40 0.0258 0.0044 5.86

80 0.0868 0.0082 10.59

100 0.1264 0.0105 12.04

200 0.4290 0.0220 19.50

400 wf 0.0380

800 wf 0.0880

1000 wf 0.1040

2000 wf 0.2090

4000 wf 0.4230

8000 wf 0.8560

c. From the habit of long APL usage, *./ .= (and dot equals)

was used for classification. In this case, the performance bottleneck

was removed simply by using e. .

With these improvements (more precisely, with J functions which

model the improved primitives), the 60 MB dBase application runs

in 2.5 minutes instead of 20 and the 26 MB bill analysis runs

in 15 seconds instead of 140 (on a SPARCStation Classic).

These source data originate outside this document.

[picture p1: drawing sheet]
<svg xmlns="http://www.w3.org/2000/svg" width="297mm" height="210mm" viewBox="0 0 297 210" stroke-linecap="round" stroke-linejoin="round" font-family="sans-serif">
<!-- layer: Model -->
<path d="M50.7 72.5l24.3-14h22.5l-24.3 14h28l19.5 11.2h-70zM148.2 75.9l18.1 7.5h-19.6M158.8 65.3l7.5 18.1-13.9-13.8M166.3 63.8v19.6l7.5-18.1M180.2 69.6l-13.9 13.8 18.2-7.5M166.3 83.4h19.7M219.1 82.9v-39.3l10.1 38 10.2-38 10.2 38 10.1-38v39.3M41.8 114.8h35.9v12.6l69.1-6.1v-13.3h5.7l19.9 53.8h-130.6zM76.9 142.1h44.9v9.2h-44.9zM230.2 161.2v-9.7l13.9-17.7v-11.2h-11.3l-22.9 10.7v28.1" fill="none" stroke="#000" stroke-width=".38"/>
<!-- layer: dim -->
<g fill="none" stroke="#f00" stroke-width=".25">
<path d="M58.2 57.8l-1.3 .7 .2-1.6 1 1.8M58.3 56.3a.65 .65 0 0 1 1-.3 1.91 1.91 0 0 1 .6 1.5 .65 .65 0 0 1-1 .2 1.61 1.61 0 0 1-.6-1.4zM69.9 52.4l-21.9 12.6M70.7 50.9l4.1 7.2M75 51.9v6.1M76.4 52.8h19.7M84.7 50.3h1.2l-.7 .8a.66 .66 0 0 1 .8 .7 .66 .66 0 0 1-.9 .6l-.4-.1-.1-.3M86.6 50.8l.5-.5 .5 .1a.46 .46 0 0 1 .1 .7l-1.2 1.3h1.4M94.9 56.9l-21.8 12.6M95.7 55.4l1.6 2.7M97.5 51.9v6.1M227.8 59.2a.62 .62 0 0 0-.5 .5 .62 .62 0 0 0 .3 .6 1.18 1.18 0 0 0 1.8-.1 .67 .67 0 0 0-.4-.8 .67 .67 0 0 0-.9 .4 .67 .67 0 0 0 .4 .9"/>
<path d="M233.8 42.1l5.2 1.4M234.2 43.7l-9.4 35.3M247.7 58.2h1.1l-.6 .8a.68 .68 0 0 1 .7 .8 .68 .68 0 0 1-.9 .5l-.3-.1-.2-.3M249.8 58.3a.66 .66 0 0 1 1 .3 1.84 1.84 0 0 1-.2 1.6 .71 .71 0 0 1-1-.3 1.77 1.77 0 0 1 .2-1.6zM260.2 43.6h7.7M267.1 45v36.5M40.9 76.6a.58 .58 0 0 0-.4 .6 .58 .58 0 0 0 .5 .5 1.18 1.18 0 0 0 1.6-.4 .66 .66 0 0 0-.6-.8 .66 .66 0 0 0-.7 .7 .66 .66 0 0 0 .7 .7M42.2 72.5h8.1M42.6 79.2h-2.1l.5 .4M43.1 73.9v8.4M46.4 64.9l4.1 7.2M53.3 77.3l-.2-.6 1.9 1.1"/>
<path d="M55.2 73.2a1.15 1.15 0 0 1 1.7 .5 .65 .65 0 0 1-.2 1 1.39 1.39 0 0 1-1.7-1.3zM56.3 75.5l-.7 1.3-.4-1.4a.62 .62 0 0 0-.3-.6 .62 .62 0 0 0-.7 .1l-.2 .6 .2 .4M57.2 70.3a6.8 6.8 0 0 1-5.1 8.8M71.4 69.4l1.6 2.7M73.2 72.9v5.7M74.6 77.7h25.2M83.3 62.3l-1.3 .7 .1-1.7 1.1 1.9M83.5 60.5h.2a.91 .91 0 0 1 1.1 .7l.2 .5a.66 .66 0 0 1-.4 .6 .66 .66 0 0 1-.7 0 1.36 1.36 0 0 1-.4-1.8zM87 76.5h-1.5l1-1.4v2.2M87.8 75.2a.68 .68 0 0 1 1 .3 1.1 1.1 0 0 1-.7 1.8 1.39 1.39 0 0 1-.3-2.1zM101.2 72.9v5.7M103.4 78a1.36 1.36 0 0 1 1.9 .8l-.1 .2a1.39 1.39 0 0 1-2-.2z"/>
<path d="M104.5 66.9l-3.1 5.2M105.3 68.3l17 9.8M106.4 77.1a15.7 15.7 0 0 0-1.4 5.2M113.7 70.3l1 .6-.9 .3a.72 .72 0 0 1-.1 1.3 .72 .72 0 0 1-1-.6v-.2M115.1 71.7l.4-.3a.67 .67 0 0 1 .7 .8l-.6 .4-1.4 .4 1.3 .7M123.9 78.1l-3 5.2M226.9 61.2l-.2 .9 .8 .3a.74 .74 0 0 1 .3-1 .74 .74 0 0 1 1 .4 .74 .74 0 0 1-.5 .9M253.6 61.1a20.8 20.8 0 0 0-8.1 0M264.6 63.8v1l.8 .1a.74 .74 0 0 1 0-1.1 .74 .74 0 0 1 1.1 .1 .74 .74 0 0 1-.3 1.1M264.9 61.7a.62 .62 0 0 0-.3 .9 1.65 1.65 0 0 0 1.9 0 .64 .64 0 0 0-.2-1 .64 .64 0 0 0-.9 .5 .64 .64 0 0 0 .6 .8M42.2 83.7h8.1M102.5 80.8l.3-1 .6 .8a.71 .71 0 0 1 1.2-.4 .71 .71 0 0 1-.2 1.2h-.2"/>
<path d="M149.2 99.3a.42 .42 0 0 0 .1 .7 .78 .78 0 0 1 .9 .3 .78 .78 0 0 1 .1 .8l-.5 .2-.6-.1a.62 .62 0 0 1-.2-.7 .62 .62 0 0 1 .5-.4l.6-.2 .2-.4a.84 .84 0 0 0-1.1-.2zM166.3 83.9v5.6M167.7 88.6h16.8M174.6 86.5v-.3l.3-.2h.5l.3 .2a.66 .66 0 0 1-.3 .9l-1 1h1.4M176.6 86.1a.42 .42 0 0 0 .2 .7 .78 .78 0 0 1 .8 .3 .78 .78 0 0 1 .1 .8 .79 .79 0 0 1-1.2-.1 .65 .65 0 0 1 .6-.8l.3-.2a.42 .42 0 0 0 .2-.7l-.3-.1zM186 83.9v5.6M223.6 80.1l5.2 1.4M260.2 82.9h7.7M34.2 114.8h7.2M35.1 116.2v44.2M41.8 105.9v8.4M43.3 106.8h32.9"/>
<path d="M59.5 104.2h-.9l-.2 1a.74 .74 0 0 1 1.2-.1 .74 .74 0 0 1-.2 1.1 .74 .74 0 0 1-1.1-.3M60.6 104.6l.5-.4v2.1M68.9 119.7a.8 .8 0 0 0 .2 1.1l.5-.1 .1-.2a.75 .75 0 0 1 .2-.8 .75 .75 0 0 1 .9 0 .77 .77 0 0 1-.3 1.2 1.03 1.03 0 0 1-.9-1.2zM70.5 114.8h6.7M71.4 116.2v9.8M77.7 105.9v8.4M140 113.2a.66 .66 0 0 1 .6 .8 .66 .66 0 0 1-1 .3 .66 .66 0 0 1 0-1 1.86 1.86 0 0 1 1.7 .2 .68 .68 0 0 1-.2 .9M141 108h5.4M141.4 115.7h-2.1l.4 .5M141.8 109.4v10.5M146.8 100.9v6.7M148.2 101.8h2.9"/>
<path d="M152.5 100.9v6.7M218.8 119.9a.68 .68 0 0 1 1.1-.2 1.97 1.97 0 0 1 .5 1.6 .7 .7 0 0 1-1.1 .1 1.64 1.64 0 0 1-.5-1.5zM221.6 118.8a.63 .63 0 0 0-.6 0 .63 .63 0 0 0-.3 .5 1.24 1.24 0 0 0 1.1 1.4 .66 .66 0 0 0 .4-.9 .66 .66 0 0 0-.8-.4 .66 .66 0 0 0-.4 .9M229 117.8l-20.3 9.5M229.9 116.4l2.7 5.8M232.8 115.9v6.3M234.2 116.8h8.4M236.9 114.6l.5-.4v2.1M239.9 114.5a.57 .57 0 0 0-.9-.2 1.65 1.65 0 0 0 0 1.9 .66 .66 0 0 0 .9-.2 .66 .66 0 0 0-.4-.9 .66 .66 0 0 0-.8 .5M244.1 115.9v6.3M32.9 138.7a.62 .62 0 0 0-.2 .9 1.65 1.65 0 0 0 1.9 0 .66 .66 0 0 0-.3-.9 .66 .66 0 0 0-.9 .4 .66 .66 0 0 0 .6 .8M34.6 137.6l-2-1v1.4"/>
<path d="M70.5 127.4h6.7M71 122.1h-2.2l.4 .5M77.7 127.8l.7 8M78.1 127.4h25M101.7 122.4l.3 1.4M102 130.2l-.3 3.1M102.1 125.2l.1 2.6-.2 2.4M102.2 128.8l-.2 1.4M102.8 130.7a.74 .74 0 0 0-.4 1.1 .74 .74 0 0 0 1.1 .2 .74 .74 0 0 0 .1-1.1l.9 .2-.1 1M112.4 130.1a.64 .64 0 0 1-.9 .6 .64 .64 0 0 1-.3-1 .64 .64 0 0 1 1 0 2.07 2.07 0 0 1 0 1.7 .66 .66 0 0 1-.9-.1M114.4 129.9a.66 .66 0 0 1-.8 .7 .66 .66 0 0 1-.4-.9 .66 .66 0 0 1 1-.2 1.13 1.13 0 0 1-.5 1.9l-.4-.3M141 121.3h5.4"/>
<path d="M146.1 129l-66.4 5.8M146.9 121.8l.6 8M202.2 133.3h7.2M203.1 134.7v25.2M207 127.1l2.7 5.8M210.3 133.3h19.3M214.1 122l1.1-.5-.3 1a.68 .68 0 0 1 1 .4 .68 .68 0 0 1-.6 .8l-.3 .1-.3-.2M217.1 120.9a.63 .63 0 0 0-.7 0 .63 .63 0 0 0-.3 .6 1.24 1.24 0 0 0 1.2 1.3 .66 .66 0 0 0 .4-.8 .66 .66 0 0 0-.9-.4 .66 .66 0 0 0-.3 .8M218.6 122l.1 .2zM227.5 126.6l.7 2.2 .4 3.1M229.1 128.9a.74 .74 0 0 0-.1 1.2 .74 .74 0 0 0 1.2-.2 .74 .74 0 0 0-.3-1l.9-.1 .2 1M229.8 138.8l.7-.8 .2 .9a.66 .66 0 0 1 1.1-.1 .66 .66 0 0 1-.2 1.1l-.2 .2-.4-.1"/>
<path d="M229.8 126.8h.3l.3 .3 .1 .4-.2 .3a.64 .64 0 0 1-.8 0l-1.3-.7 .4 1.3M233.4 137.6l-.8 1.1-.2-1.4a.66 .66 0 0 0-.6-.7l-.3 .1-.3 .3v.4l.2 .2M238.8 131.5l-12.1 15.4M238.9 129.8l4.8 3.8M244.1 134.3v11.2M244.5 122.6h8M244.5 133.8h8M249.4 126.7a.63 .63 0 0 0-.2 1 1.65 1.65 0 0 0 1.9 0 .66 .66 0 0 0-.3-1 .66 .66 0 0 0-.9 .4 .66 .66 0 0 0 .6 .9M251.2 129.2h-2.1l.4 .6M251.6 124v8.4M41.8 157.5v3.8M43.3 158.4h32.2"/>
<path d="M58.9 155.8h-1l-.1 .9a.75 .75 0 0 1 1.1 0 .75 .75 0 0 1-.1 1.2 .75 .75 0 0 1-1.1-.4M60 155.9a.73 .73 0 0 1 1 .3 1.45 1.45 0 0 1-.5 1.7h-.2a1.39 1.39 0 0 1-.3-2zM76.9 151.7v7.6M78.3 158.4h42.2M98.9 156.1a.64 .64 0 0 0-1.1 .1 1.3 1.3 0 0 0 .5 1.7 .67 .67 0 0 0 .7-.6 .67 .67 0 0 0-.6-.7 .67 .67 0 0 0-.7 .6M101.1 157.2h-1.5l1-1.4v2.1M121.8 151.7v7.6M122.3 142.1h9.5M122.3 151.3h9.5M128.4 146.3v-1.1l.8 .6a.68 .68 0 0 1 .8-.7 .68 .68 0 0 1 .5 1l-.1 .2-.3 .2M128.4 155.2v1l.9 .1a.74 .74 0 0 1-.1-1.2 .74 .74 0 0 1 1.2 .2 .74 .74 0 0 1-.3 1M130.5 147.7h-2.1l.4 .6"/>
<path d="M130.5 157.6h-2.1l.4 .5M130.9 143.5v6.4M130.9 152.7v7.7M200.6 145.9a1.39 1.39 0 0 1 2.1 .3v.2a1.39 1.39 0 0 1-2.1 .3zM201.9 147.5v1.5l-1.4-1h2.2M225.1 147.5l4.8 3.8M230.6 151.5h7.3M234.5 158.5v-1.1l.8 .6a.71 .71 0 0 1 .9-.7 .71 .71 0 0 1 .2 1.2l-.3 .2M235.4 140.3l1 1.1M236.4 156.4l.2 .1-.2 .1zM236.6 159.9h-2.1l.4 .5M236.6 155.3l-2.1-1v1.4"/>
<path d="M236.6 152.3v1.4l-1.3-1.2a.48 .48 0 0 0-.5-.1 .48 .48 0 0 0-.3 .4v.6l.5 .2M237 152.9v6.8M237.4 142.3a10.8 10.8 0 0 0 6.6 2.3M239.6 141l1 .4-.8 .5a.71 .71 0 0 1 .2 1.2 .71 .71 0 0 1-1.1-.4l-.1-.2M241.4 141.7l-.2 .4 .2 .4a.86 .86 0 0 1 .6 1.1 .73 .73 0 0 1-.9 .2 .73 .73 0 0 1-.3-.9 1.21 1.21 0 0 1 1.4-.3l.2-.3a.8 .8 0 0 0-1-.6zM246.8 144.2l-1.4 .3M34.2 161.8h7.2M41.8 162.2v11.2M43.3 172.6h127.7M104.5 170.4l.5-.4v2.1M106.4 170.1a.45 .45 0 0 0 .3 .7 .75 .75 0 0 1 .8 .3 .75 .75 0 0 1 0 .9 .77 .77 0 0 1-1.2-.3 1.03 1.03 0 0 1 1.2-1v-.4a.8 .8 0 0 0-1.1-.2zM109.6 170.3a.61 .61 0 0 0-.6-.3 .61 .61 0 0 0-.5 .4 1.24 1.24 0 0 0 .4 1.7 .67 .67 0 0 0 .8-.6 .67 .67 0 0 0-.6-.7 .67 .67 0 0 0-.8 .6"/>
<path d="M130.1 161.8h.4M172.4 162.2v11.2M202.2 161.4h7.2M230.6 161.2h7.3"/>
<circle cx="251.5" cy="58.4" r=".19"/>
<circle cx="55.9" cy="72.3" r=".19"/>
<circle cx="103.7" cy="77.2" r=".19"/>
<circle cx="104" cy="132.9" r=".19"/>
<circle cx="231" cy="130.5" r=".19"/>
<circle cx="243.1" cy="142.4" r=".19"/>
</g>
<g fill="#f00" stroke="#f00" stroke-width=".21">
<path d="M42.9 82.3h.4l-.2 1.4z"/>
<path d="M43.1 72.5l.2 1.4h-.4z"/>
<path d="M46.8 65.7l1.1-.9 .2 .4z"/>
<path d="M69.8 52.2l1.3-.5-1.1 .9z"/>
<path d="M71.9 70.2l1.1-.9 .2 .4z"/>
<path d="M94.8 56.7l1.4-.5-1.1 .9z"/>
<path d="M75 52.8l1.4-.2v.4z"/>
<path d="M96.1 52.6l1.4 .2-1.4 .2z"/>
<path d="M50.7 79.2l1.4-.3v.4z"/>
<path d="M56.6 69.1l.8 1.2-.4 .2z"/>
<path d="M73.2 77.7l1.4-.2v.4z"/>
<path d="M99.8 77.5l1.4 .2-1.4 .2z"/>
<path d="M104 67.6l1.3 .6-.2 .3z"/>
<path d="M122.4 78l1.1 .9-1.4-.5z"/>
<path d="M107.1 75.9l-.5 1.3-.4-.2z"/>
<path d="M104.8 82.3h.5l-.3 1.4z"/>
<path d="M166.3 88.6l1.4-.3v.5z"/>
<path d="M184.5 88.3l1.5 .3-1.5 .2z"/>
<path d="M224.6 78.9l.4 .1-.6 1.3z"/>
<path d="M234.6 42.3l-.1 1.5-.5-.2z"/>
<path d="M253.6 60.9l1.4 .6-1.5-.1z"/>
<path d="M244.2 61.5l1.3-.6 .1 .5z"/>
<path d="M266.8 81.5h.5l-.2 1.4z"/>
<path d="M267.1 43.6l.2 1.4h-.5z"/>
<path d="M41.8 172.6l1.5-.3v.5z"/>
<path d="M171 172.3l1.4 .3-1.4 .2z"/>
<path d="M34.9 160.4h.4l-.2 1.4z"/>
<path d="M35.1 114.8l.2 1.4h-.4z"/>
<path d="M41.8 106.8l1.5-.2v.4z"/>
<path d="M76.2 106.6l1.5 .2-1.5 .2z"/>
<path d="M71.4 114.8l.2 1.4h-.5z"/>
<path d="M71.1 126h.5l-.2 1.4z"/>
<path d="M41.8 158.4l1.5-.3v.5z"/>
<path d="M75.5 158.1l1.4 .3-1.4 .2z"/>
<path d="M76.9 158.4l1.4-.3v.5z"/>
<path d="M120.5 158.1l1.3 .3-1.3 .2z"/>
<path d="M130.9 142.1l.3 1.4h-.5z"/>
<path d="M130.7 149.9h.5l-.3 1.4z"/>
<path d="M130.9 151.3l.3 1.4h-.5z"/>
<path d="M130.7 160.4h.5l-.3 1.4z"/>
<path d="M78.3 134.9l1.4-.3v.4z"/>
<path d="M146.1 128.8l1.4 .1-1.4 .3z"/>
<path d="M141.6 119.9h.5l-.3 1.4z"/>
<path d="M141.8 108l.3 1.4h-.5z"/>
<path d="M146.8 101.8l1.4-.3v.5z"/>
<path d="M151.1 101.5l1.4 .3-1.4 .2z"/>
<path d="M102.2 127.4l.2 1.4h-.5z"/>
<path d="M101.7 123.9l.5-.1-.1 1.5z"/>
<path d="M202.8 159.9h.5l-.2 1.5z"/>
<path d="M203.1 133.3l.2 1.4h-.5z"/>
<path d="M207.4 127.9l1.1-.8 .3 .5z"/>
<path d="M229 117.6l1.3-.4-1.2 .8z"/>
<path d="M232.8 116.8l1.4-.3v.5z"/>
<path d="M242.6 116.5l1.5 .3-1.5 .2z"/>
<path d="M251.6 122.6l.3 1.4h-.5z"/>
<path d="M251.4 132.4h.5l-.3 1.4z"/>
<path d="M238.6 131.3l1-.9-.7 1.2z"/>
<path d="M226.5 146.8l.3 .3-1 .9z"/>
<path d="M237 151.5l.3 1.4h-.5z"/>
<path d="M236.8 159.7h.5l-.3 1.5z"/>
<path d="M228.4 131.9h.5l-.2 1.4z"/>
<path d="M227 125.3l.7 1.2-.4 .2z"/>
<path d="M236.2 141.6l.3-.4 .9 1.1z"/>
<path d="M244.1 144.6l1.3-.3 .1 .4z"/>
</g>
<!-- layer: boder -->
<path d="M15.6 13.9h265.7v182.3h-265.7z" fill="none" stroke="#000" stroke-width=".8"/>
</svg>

I am indebted to Joey for reporting these performance bottlenecks,

and for his kind permission to describe his applications in this

note. The reader is urged to report other such performance quirks

so that they can be fixed. Cliff A. Reiter, in his APL95 paper

on Finite Automata, reports a quirk in the tesselation operator;

therefore, I expect that sometime there will be a "CAR Special".